New YouGov research across seven European countries reveals that Hungary, which has strongly opposed housing refugees from the current crisis, building fences and using teargas against them, is considered as having dealt worst with the situation. On average it scores net -33 for its handling while Britain ranks among the worst with net -15, behind only Hungary and Greece (-16).
Germany, which is expected to have taken 800,000 refugees by the end of the year, is seen as having handled the crisis best (+27) and most of its own population (54%) agree it has handled things well. In Britain 27% say the country has dealt well with the crisis while 35% say it has done so badly.
There has been much criticism of the media for describing the displaced people as 'migrants' when their position involves leaving war-torn countries and escaping persecution rather than freely looking for work. YouGov's research confirms that the choice of language does have some effect on people's willingness to accept people affected by the crisis into their country.

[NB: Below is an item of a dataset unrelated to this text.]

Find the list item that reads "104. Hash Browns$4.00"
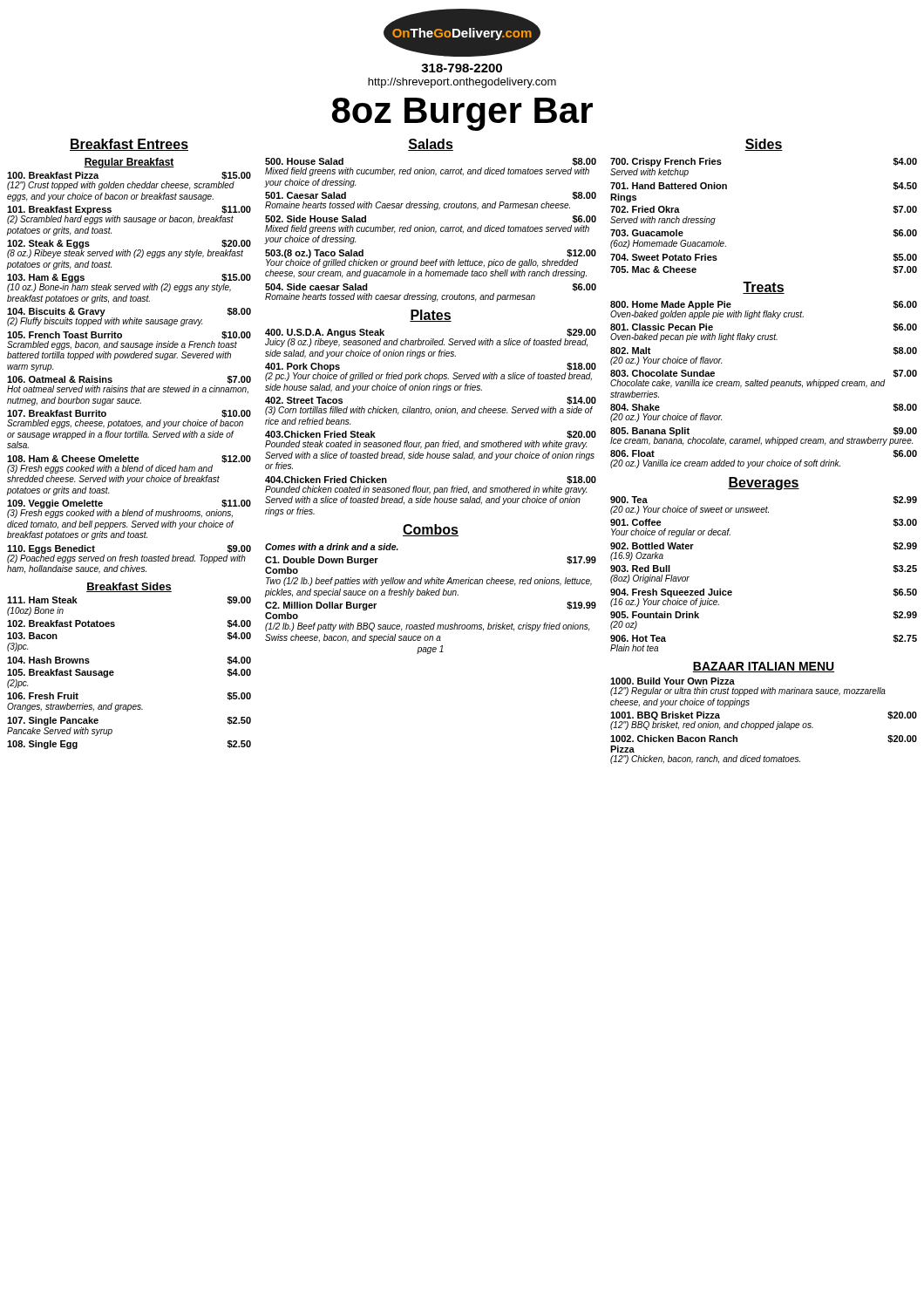 tap(48, 660)

In Britain when the term 'migrants' is used to describe those affected 56% say fewer should be accepted. When the term 'refugees' is used this drops to 49%, and when 'people fleeing terror and persecution' is used 43% say we should accept fewer.

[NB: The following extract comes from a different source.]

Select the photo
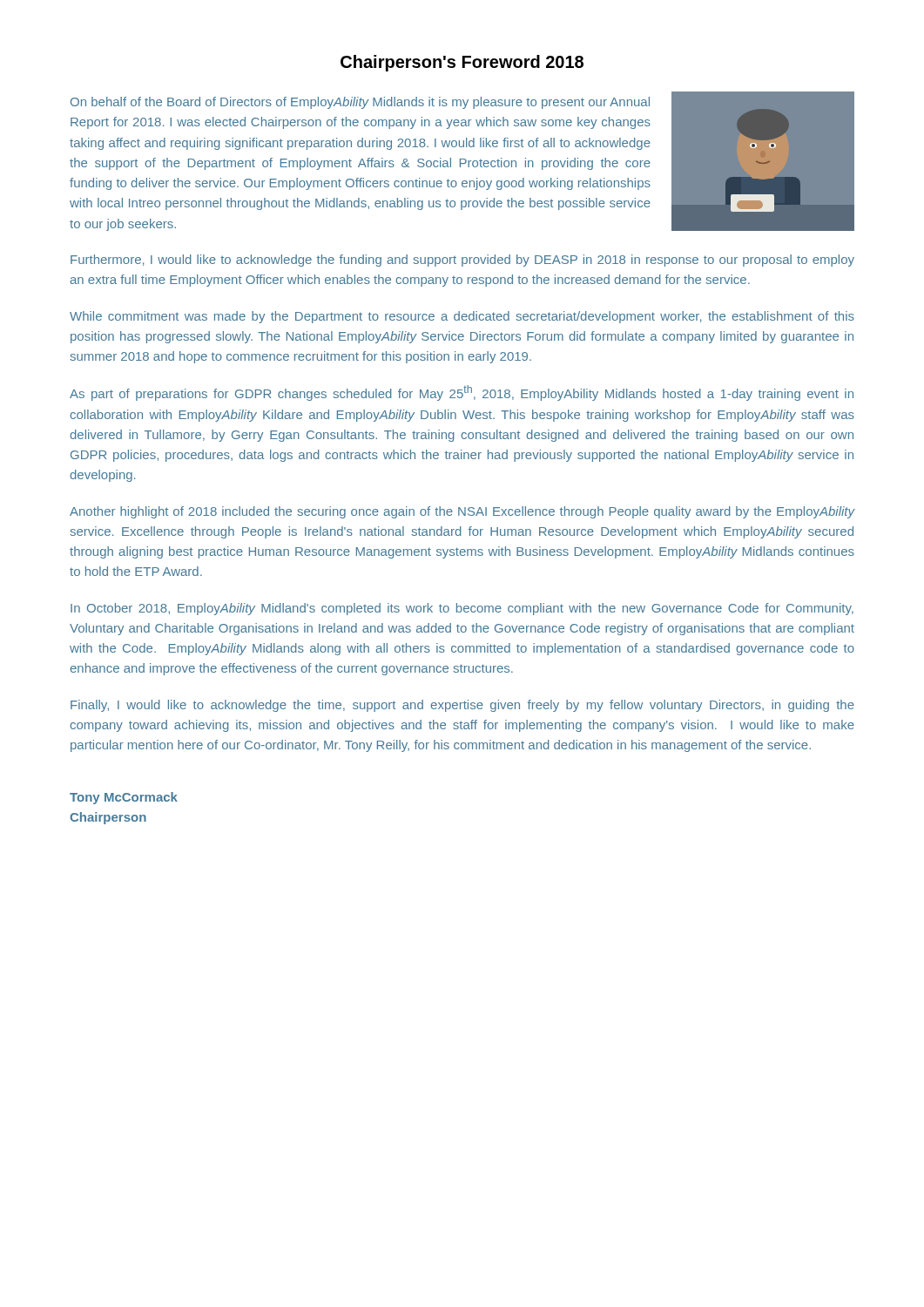The height and width of the screenshot is (1307, 924). (x=763, y=163)

Each country has its own concerns about accommodating refugees and some have been less welcoming than others, but the main emotions felt are primarily of sadness rather than indifference. In Germany the emotion used by most people to describe feelings towards the crisis is fear. In Britain it is sadness.
Hungary has proposed its own solution to the crisis - each of the 28 EU member states would contribute 1% of its income from the Union, plus 1% of its contributions to it, into a fund to improve conditions in refugee camps in countries neighbouring Syria and strengthen Europe's borders. The Hungarian prime minister wants to focus attention on tackling the crisis outside of Europe, rather than distributing refugees within it.